Still glaring, he looked around at the studio’s cameras and fake-bookcase sets. Not a worthy target.
“You’re hurting my wrist,” Edith said.
He let go. “You are my hostage,” he said.
“Okay,” she said, looking around the empty, sparsely lit studio. Nowhere to hide, nothing here but video and VR equipment. Even if I grabbed a camera or tripod or something and tried to bash him, he’s protected by his helmet. And he might set off his bomb.
“You will call the control center and tell them to surrender to me,” the young man said, his voice harsh, guttural. “If you refuse I will kill us both.”
“Oh, I’ll call them, don’t worry about that.”
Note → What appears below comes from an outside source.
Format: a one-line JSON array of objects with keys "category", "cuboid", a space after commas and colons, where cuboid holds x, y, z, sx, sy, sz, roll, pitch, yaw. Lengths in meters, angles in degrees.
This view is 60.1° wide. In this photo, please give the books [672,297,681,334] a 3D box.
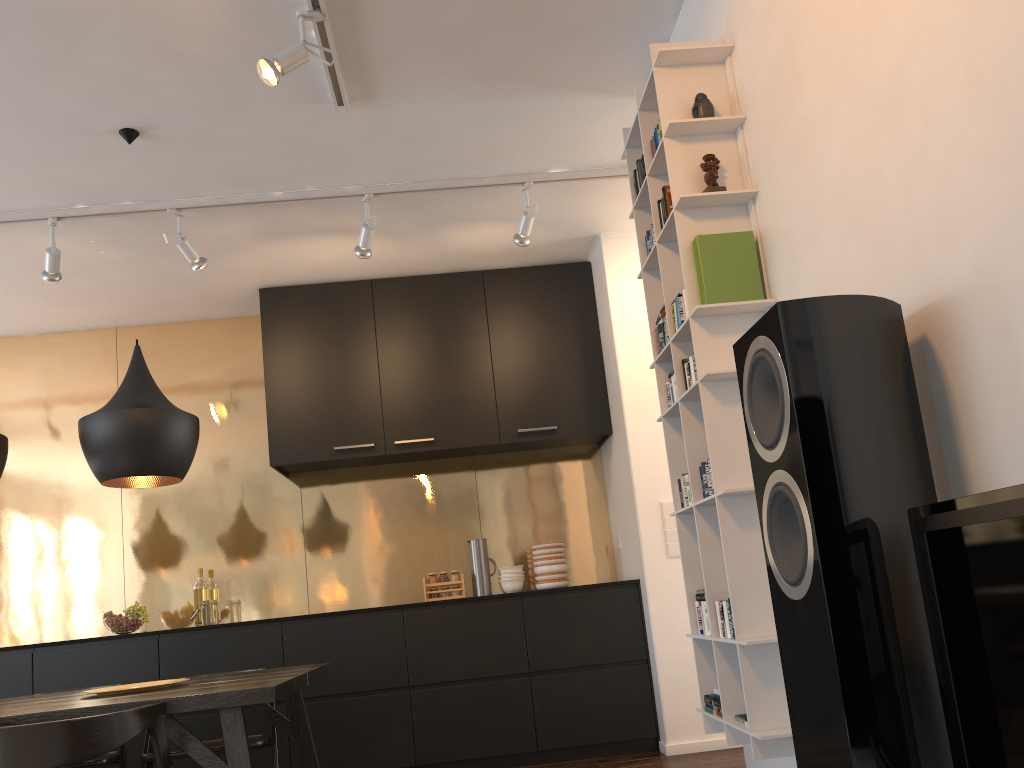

Doug fidgeted on his chair, waiting for Falcone to report he was ready to pump high-pressure oxygen into the plasma vents.
“We’re clear of the factory,” Jinny Anson reported from a corridor wall phone. “Had to seal the whole section of corridor, “cause the door to the factory’s been damaged by the blast.”
“Okay, fine,” Doug said. “We ought to open the vents to vacuum in a few minutes.” Silently he added, Come on, Vince!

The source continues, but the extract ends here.